Kathryn Anderson, director of financial aid at CSUN, said of the approximately 17,900 CSUN students who received financial aid from 2003 to 2004, 32.5 percent were Latinos.

Between the 2001-2002 and 2004-2005 academic years, CSUN’s tuition fees rose from $907 to $1,388 per semester, an increase of 53 percent.

Likewise, tuition for all CSUs has increased in similar percentages, causing an increased need for student loans.

“(Because of budget cuts), we did have a drop (in) enrollment in the fall, but the number of students applying for aid increased,” Anderson said.

Tuition increases have a bigger impact on middle-income students and those who miss the Mar. 1 financial aid-filing deadline because they are often forced to take out loans and increase their debt, Anderson said.

Anderson said student loans are a much better choice than what many students use to pay for college — credit cards.

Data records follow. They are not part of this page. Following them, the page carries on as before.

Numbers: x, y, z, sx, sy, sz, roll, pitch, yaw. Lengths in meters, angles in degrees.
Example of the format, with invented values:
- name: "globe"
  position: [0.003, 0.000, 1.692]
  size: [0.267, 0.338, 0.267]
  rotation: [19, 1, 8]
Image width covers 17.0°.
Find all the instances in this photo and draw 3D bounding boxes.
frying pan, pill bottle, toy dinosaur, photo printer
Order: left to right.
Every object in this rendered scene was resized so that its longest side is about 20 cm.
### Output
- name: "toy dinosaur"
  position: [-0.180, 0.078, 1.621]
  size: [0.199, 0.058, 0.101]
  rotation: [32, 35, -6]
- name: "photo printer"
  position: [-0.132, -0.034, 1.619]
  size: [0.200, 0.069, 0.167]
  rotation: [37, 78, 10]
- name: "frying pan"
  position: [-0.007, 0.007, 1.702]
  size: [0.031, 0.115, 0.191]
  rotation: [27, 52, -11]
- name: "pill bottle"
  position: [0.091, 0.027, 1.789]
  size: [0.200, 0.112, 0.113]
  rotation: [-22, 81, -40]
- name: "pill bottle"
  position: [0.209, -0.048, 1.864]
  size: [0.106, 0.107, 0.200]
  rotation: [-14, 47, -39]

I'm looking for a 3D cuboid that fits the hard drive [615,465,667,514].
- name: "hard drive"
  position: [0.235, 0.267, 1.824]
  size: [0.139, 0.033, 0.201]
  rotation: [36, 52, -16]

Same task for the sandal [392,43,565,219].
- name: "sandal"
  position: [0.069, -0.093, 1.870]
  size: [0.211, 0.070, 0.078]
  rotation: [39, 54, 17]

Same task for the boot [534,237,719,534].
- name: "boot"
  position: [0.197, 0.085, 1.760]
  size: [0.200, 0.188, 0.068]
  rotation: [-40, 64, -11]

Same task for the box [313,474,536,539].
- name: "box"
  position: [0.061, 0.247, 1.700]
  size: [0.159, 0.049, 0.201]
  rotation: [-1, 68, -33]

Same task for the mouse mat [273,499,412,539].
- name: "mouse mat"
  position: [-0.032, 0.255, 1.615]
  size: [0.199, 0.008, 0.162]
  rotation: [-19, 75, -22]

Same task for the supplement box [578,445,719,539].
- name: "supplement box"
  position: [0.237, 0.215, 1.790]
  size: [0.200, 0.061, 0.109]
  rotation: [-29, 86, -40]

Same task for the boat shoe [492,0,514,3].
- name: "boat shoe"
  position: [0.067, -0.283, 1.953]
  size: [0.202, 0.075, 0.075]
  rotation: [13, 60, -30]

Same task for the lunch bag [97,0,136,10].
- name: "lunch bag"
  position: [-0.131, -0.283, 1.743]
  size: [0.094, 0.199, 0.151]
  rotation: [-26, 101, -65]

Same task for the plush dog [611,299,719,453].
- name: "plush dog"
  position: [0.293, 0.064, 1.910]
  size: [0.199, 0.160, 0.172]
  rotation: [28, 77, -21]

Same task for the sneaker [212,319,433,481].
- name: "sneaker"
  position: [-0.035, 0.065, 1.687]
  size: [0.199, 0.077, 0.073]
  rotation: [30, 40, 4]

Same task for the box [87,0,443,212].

When it comes to Latino students and their families, Anderson has noticed a consistent trait during her three years on the job.

“They’re leery about taking out student loans,” Anderson said. “I’m not sure why. Loans are considered bad.”

For students whose annual $15,500 for tuition, books and housing are fully funded
, there is an estimated $2,000 in out-of-pocket expenses that are not covered, Anderson said. More than 40 percent of 2004 CSUN aid recipients have an annual income of less than $3,000 a year.

Following his disappointment at UCSB, Daniel Villasenor headed home to Palmdale and enrolled at L.A. Valley College.

“I knew then that I’m not going to give up because I have this obstacle in my way,” Villasenor said. “I need to get over it and keep on trying. Education is very important to me.”

It is also very important to his parents, particularly his mother, Maria Patricia, who attended college in Mexico and worked there as a social worker before coming to the United States.

Here, she and her husband work in an electronics plant. The work is hard and the money is tight. Still, Villasenor’s mother somehow came up with the additional money to pay his fees at L.A. Valley College.

What if the money was not there?

“I’d just take a couple of units, whatever I could afford,” Villasenor said.